I have sold multiple resale units at the Four Seasons Punta Mita as well as the Costa Rica property and am acquainted with many owners.

What questions do you have?


----------



## TravelTime (Aug 22, 2021)

dherring said:


> I have sold multiple resale units at the Four Seasons Punta Mita as well as the Costa Rica property and am acquainted with many owners.
> 
> What questions do you have?



Thank you for responding. I am especially interested in learning about the fractional at Four Seasons Costa Rica. Below are some of my questions. When answering, can you indicate whether you are talking about Costa Rica or Punta Mita.

- How happy are owners with their fractional? Are most owners long time owners?
- How easy is it to resell if you no longer want it?
- How easy or hard is it to get the reservation dates you want?
- What are the fractionals at the two properties selling for?
- If you own Costa Rica, how easy is it to exchange into other properties esp into Punta Mita?
- Since you are not allowed to rent at Costa Rica, what do owners do with their time if they can’t visit one year?
- Do most owners of Punta Mita use or rent their time?

Thank you!


----------



## bizaro86 (Aug 22, 2021)

I have never owned Four Seasons, but did take the sales presentation at Punta Mita 12 years ago. We loved the product, but the price is high relative to other timeshare options.

My recollection is that all owners submitted a list of reservation priorities each year, and they went through in a specific order (so everyone got first choice some years). My sense was that some weeks (ie 52, 7) were very competitive and you couldn't count on getting them often.


----------



## RCorsa (Mar 6, 2022)

I own at Punta Mita since 2016.  We absolutely love  it and go at least 3 weeks a year.  Plus it very easy to go to other FS properties as we have been to several (costa rica, Jackson hole and this summer vail)


----------



## dherring (Apr 8, 2022)

RCorsa said:


> I own at Punta Mita since 2016.  We absolutely love  it and go at least 3 weeks a year.  Plus it very easy to go to other FS properties as we have been to several (costa rica, Jackson hole and this summer vail)

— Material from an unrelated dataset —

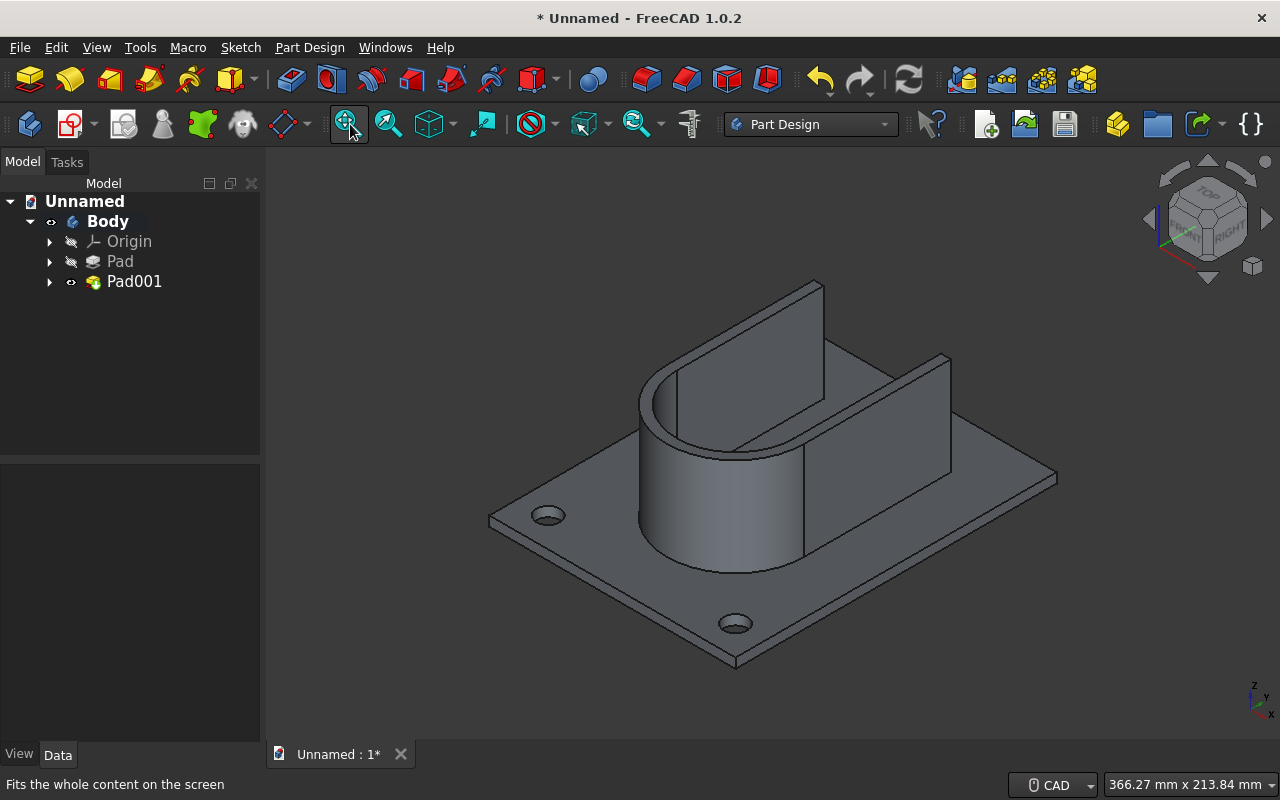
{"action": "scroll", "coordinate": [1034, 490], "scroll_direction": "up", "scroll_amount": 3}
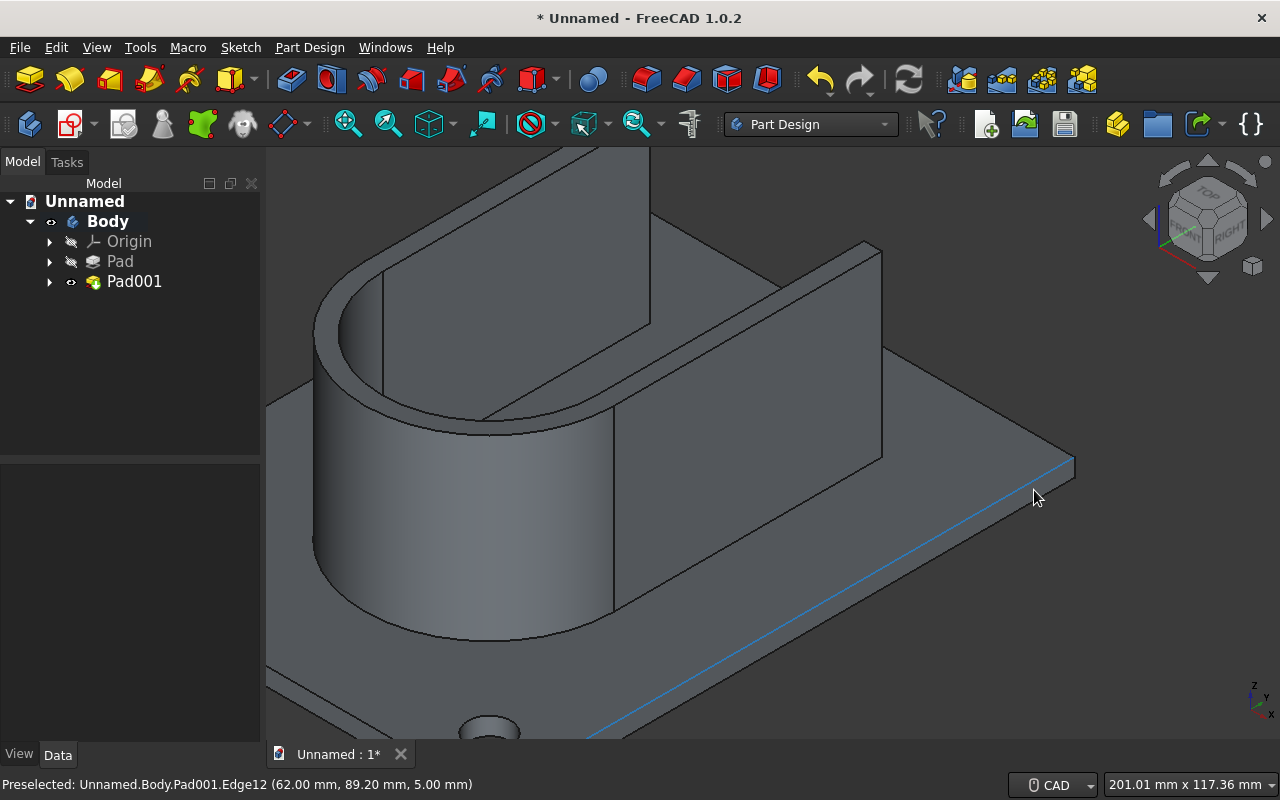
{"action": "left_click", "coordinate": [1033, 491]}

We will be trading into Vail in the coming years. How did you like the property?
I own [ ] units at the FSRC Punta Mita as well as Costa Rica and Jackson Hole.

_[*Moderator Note*: Ad-like comments have been deleted because the TUG Posting Rules do not allow advertising in the public forums.] <--SueDonJ_


----------



## T-Dot-Traveller (Apr 8, 2022)

dherring said:


> We will be trading into Vail in the coming years. How did you like the property?
> I own [ ] units at the FSRC Punta Mita as well as Costa Rica and Jackson Hole.
> 
> _[*Moderator Note*: Ad-like comments have been deleted because the TUG Posting Rules do not allow advertising in the public forums.] <--SueDonJ_



You may wish to use Conversation -PM 
to reach @RCorsa that way click on the blue TUG user name & follow the prompts.


----------